De los muchos artículos que circulan sobre Thomas Krens y su revolucionaria estrategia museística a partir de la expansión internacional del Guggenheim, recuerdo uno de The New Yorker en que los consejeros del Museo de Arte Moderno de San Francisco hablaban de Krens -él se postuló para dirigir la pinacoteca-: «Cuando conversó con nosotros nos dio un miedo tremendo: sólo hablaba con organigramas y de estrategias, ordenadores y cifras... No mencionó el arte ni una sola vez». Qué lejanos quedan los años ochenta y sus argumentos tan inocentes. A los consejeros del Guggenheim, sin embargo, su cháchara hitech y mercadotécnica les sonó a gloria: lógico, estaban en una situación financiera desastrosa. De ahí a que abriera dos guggenheims de bolsillo en un casino en Las Vegas, un paso; uno de ellos cerró tras sólo una exposición. Para muchos, Krens era sólo un broker, alguien que apostaba, que ganaba y perdía con el dinero de los demás. La expansión quedó retratada al final como un castillo de naipes: todo había sido construido sobre deudas y más deudas, retirando fondos propios para hipotecar un futuro cada vez más incierto. Krens fue despedido -su jefe, Peter Lewis, escribió así sobre él: «Ha convertido el Guggenheim en un circo artístico global, posicionado conceptualmente en algún lugar entre un casino y un gran almacén»-, sus planes de expansión abortados y los halagos que recibía en la prensa al comienzo de su gestión fueron sustituidos por artículos coronados por la frase «estaba claro que algo así iba a ocurrir». Sin embargo, a pesar de la lamentable conclusión, no fue el fin de una época; más bien, el comienzo de otra. Como reflexionó Hans Haacke: «Muchos de los colegas de Thomas Krens, aunque de una forma menos llamativa, están determinados a perseguir estrategias similares para convertir capital cultural en capital monetario». También Alain Seban, cómo no. ¿Qué lugar ocupamos nosotros, Málaga, en esa estrategia, en el plan Pompidou? Simple: nosotros somos las monedas.

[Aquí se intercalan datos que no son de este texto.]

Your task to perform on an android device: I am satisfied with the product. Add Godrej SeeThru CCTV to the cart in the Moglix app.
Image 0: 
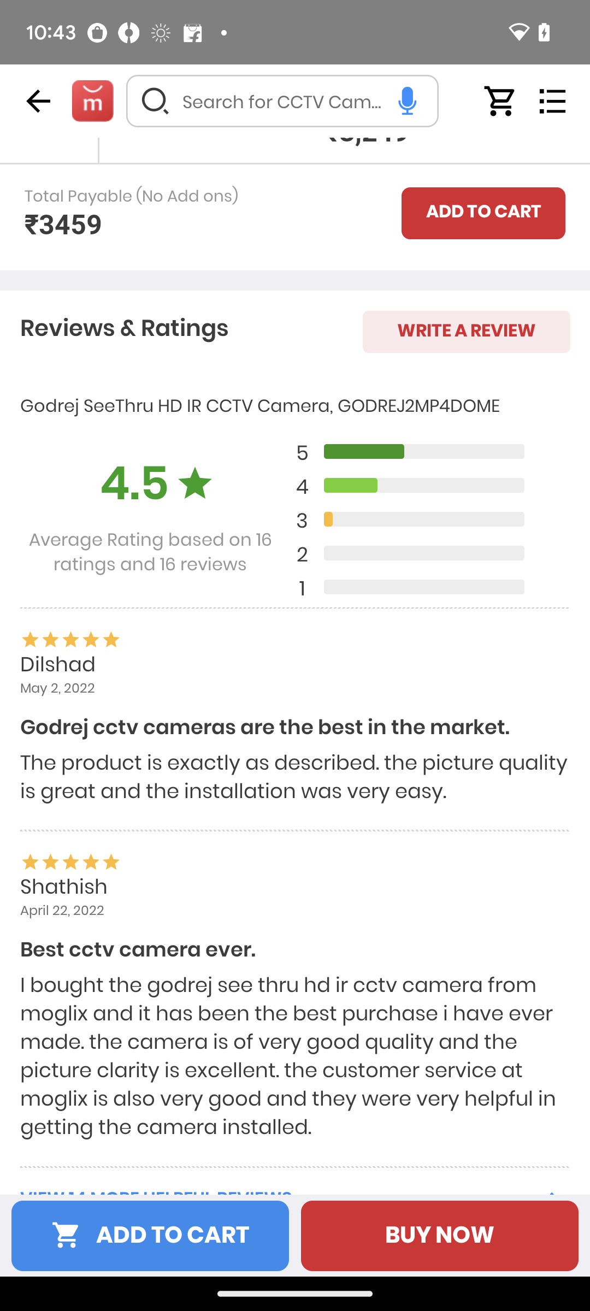
Click on the ADD TO CART button.
Step 0: click (172, 1237)

El arte que muchos entienden como un pasaporte a la eternidad es ahora una polaroid cuya imagen aparece... pero también desaparece. Y el Pompidou Málaga aportará bastante en consolidar esa noción: hablamos más de un ninot que de una escultura, más de la versión de prueba de un antivirus que del antivirus en sí mismo, más de la enésima casa habitada circunstancialmente por un inquilino que de un hogar en que instalarse, vivir; hablamos más de las fallidas experiencias de Krens en Las Vegas que de su operación bilbaína. Eso sí, nos quedará el valioso recuerdo, porque, no sé usted, pero yo seguro que me acercaré para contemplar obras que ni en mis sueños imaginé que vería sin tener que coger un tren o un avión; nos quedará el arte como una experiencia verdaderamente impagable. Y eso nadie nos lo podrá quitar.